About this exercise: Write out the entries exactly. None of the pictures should appear in the copy.

Dataset content:
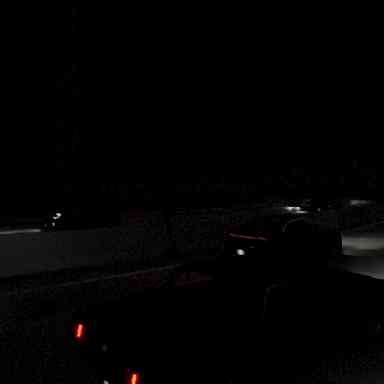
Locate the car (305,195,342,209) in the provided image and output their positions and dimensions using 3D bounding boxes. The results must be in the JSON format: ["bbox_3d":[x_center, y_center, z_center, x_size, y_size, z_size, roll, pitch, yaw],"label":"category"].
[{"bbox_3d":[13.374,1.305,33.111,2.150,2.045,5.566,0,0,35],"label":"car"}]

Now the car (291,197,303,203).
[{"bbox_3d":[26.498,1.945,84.157,1.812,1.442,4.674,0,-1,3],"label":"car"}]

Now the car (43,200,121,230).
[{"bbox_3d":[-6.933,1.404,21.092,4.553,1.767,2.097,0,0,-41],"label":"car"}]

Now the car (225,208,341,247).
[{"bbox_3d":[3.218,1.507,11.121,4.902,1.511,2.128,0,0,-41],"label":"car"}]

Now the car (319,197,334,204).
[{"bbox_3d":[28.971,1.847,71.630,1.837,1.490,4.892,0,-1,9],"label":"car"}]

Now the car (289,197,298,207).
[{"bbox_3d":[17.249,1.788,55.173,1.994,1.385,4.181,0,0,22],"label":"car"}]

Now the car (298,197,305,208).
[{"bbox_3d":[16.064,1.369,44.227,2.150,2.045,5.566,0,-1,28],"label":"car"}]

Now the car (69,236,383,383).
[{"bbox_3d":[0.948,1.608,4.647,4.718,1.301,1.895,0,0,-38],"label":"car"}]
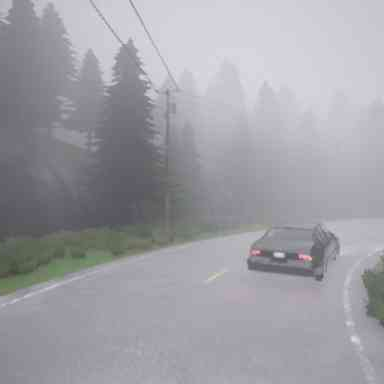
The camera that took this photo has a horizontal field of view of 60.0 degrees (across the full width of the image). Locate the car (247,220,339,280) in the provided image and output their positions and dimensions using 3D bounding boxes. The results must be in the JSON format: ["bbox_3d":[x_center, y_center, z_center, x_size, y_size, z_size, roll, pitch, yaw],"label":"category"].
[{"bbox_3d":[3.341,1.599,10.309,2.033,1.411,5.357,0,0,29],"label":"car"}]
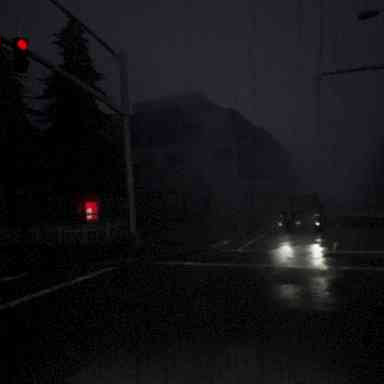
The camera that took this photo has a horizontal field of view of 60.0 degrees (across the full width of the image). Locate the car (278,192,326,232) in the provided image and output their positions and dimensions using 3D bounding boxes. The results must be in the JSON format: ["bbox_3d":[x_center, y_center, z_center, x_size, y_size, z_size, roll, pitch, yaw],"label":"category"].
[{"bbox_3d":[6.441,1.107,19.182,2.150,2.045,5.566,-4,0,25],"label":"car"}]
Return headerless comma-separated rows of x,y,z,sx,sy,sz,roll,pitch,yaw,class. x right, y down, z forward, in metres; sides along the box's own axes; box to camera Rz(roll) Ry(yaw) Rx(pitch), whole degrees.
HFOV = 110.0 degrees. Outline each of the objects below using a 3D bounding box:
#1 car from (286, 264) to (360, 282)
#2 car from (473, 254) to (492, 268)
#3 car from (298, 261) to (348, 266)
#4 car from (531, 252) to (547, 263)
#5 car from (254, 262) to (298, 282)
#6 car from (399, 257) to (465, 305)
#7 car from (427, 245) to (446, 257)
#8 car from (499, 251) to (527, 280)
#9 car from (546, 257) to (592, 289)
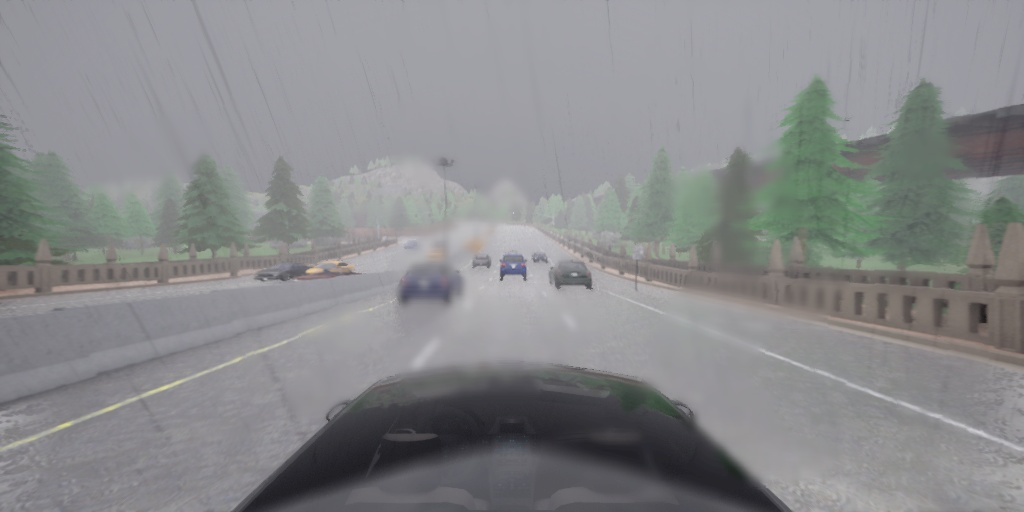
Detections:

Result of the task:
Locate the car (305,195,342,209) in the provided image and output their positions and dimensions using 3D bounding boxes. The results must be in the JSON format: ["bbox_3d":[x_center, y_center, z_center, x_size, y_size, z_size, roll, pitch, yaw],"label":"category"].
[{"bbox_3d":[13.374,1.305,33.111,2.150,2.045,5.566,0,0,35],"label":"car"}]

Now the car (291,197,303,203).
[{"bbox_3d":[26.498,1.945,84.157,1.812,1.442,4.674,0,-1,3],"label":"car"}]

Now the car (43,200,121,230).
[{"bbox_3d":[-6.933,1.404,21.092,4.553,1.767,2.097,0,0,-41],"label":"car"}]

Now the car (225,208,341,247).
[{"bbox_3d":[3.218,1.507,11.121,4.902,1.511,2.128,0,0,-41],"label":"car"}]

Now the car (319,197,334,204).
[{"bbox_3d":[28.971,1.847,71.630,1.837,1.490,4.892,0,-1,9],"label":"car"}]

Now the car (289,197,298,207).
[{"bbox_3d":[17.249,1.788,55.173,1.994,1.385,4.181,0,0,22],"label":"car"}]

Now the car (298,197,305,208).
[{"bbox_3d":[16.064,1.369,44.227,2.150,2.045,5.566,0,-1,28],"label":"car"}]

Now the car (69,236,383,383).
[{"bbox_3d":[0.948,1.608,4.647,4.718,1.301,1.895,0,0,-38],"label":"car"}]
The camera that took this photo has a horizontal field of view of 60.0 degrees (across the full width of the image). Locate the car (247,220,339,280) in the provided image and output their positions and dimensions using 3D bounding boxes. The results must be in the JSON format: ["bbox_3d":[x_center, y_center, z_center, x_size, y_size, z_size, roll, pitch, yaw],"label":"category"].
[{"bbox_3d":[3.341,1.599,10.309,2.033,1.411,5.357,0,0,29],"label":"car"}]
The camera that took this photo has a horizontal field of view of 60.0 degrees (across the full width of the image). Locate the car (278,192,326,232) in the provided image and output their positions and dimensions using 3D bounding boxes. The results must be in the JSON format: ["bbox_3d":[x_center, y_center, z_center, x_size, y_size, z_size, roll, pitch, yaw],"label":"category"].
[{"bbox_3d":[6.441,1.107,19.182,2.150,2.045,5.566,-4,0,25],"label":"car"}]
Return headerless comma-separated rows of x,y,z,sx,sy,sz,roll,pitch,yaw,class. x right, y down, z forward, in metres; sides along the box's own axes; box to camera Rz(roll) Ry(yaw) Rx(pitch), whole degrees.
HFOV = 110.0 degrees. Outline each of the objects below using a 3D bounding box:
#1 car from (286, 264) to (360, 282)
#2 car from (473, 254) to (492, 268)
#3 car from (298, 261) to (348, 266)
#4 car from (531, 252) to (547, 263)
#5 car from (254, 262) to (298, 282)
#6 car from (399, 257) to (465, 305)
#7 car from (427, 245) to (446, 257)
#8 car from (499, 251) to (527, 280)
#9 car from (546, 257) to (592, 289)
Detections:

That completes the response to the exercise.